== Source material
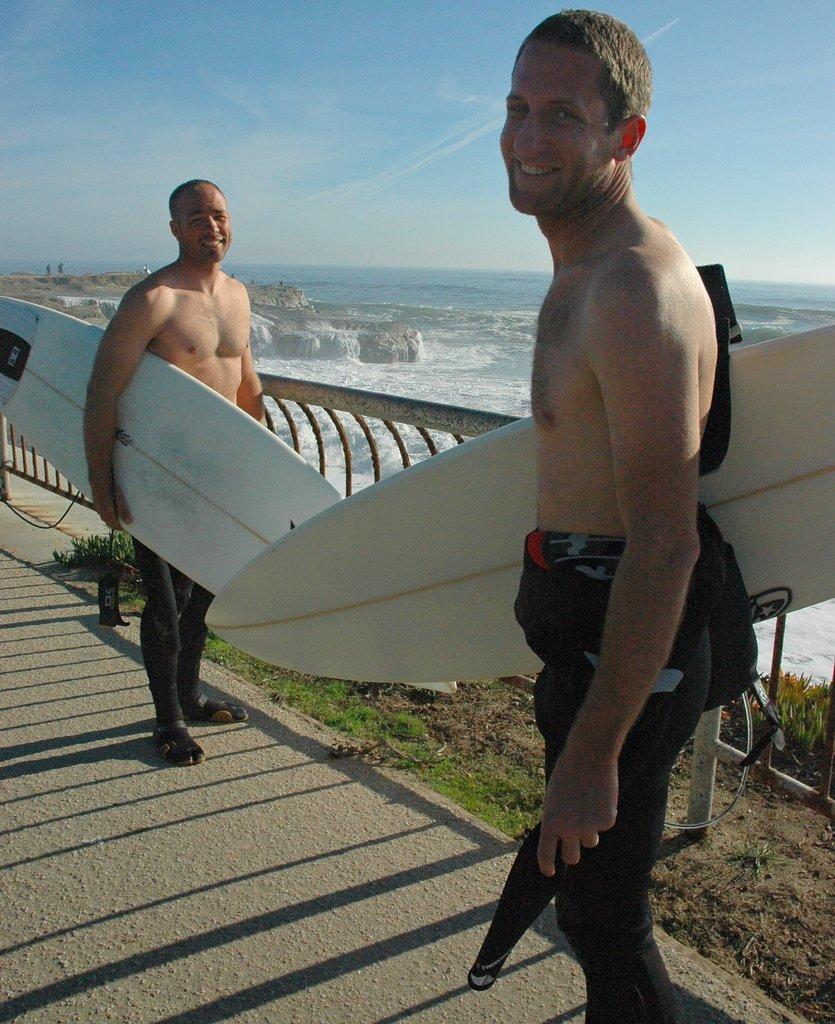In one or two sentences, can you explain what this image depicts? These two persons standing and holding surfboard. On the background we can see water,sky. This is grass. This is plant. 
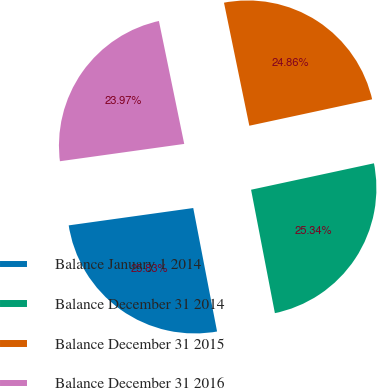Convert chart. <chart><loc_0><loc_0><loc_500><loc_500><pie_chart><fcel>Balance January 1 2014<fcel>Balance December 31 2014<fcel>Balance December 31 2015<fcel>Balance December 31 2016<nl><fcel>25.83%<fcel>25.34%<fcel>24.86%<fcel>23.97%<nl></chart> 
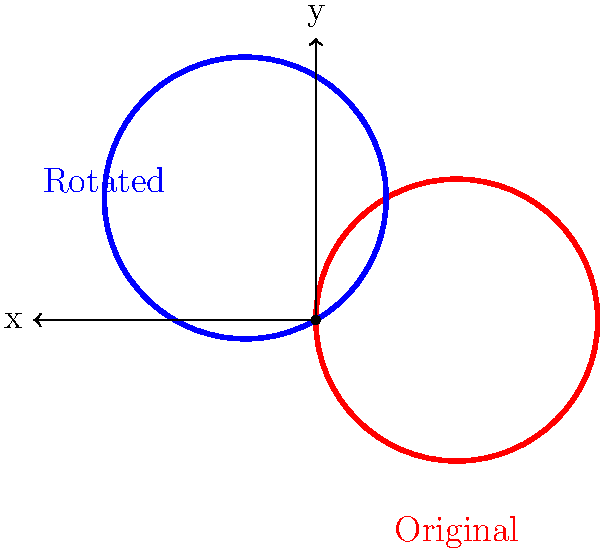A heart-shaped symbol represents your gratitude towards the paramedic and medical student who saved your life. If you want to rotate this symbol to create a design for a thank-you card, by how many degrees should you rotate the original heart shape to obtain the blue heart shown in the diagram? To find the angle of rotation, we can follow these steps:

1) First, observe that the original red heart is oriented vertically along the y-axis.

2) The rotated blue heart appears to have been rotated counterclockwise from the original position.

3) In geometry, counterclockwise rotations are considered positive.

4) Looking at the diagram, we can see that the blue heart has been rotated such that its "point" is now in the upper-left quadrant of the coordinate plane.

5) The coordinate plane is divided into four quadrants, each spanning 90°.

6) The blue heart's point is approximately one-third of the way through the second quadrant (counting counterclockwise from the positive x-axis).

7) One-third of 90° is 30°.

8) Therefore, the total rotation is: 90° (to reach the start of the second quadrant) + 30° (to reach the final position) = 120°.

This matches the rotation used in the Asymptote code to generate the diagram: rotate(120)*heart.
Answer: 120°
====
Exercise brief >>
Output exactly the lines from the first line of the records through the line containing "January 1 2014<fcel>Balance". Leave out every picture.

Result of this task >>
In one or two sentences, can you explain what this image depicts? These two persons standing and holding surfboard. On the background we can see water,sky. This is grass. This is plant. 
Convert chart. <chart><loc_0><loc_0><loc_500><loc_500><pie_chart><fcel>Balance January 1 2014<fcel>Balance December 31 2014<fcel>Balance December 31 2015<fcel>Balance December 31 2016<nl><fcel>25.83%<fcel>25.34%<fcel>24.86%<fcel>23.97%<nl></chart> 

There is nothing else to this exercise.